My family loves pie and I usually use a box of pudding to make the filling. I had been using a sugar-free version for a while but we've made the decision that eating sugar (in moderation) is better than the SF stuff.
I bought regular pudding in a box and it was good. Then I decided to try and make my own and get rid of another pre-measured boxed helper. It's so easy to make! Even if you don't want a pie, the pudding is fantastic alone and even yummy slightly warm. The egg yolks add a lovely richness and color. I see many more pies in our future.
Old-Fashioned Banana Cream Pie1 baked pie crust
2/3 cup sugar *
1/4 cup cornstarch
1/4 teaspoon salt
2-3/4 cup milk (I used whole goat milk)
5 eggs yolks
1 Tablespoon butter
1-2 teaspoons vanilla extract
whipped topping or 1 cup heavy whipping cream plus 2 T powdered sugar
In separate bowl mix together egg yolks and milk.
Pour wet into dry and whisk. There shouldn't be any lumps. Add in the pat of butter. Don't worry, it will melt and incorporate into the pudding.
Cook over medium heat, stirring constantly, until it comes to a boil. This can take anywhere from 6-10 minutes.
Boil for 30 seconds to 1 minute or until nice and thick. Remove from heat, mix in vanilla extract.
Cover with plastic wrap making sure the plastic is on the surface so it doesn't create a skin when as it cools. When I first checked my pudding it was about 180 degrees. I cooled it to about 100 degrees before I added it to my pie crust. I had made my pie crust ahead and had it frozen ready for pie day. I took it straight out of the freezer when I was ready to add the pudding. This also helps cool it down.
Layer sliced bananas in the bottom and up the sides a little if you like. I used 3 bananas here but you can use less or more as long as the pudding covers it.

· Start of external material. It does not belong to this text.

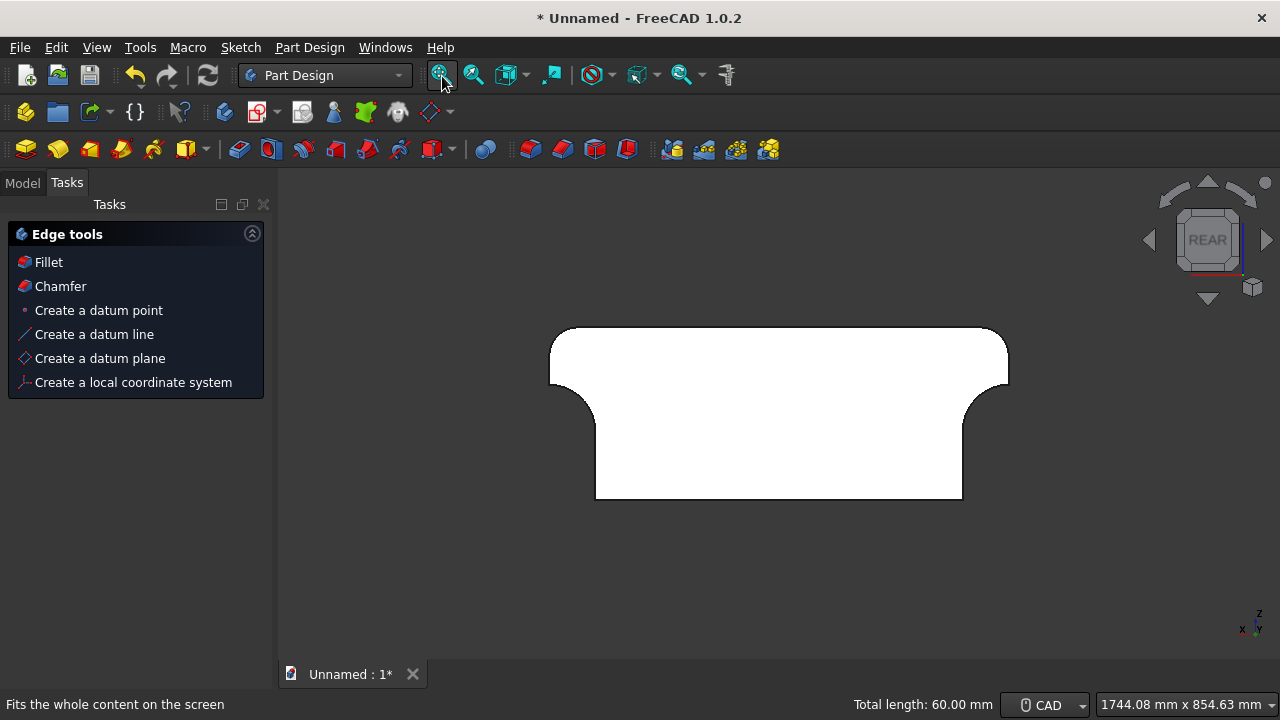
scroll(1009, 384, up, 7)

Looks pretty good here but let's...
add some whipped topping or you can use the heavy whipping cream beaten to a soft peak with about 2 Tablespoons of powdered sugar. I used a large tip #190 for these little rosettes. You could certainly cover the whole pie if you wanted to. Set the pie in the fridge until cool and firm. This will be at least 3 hours.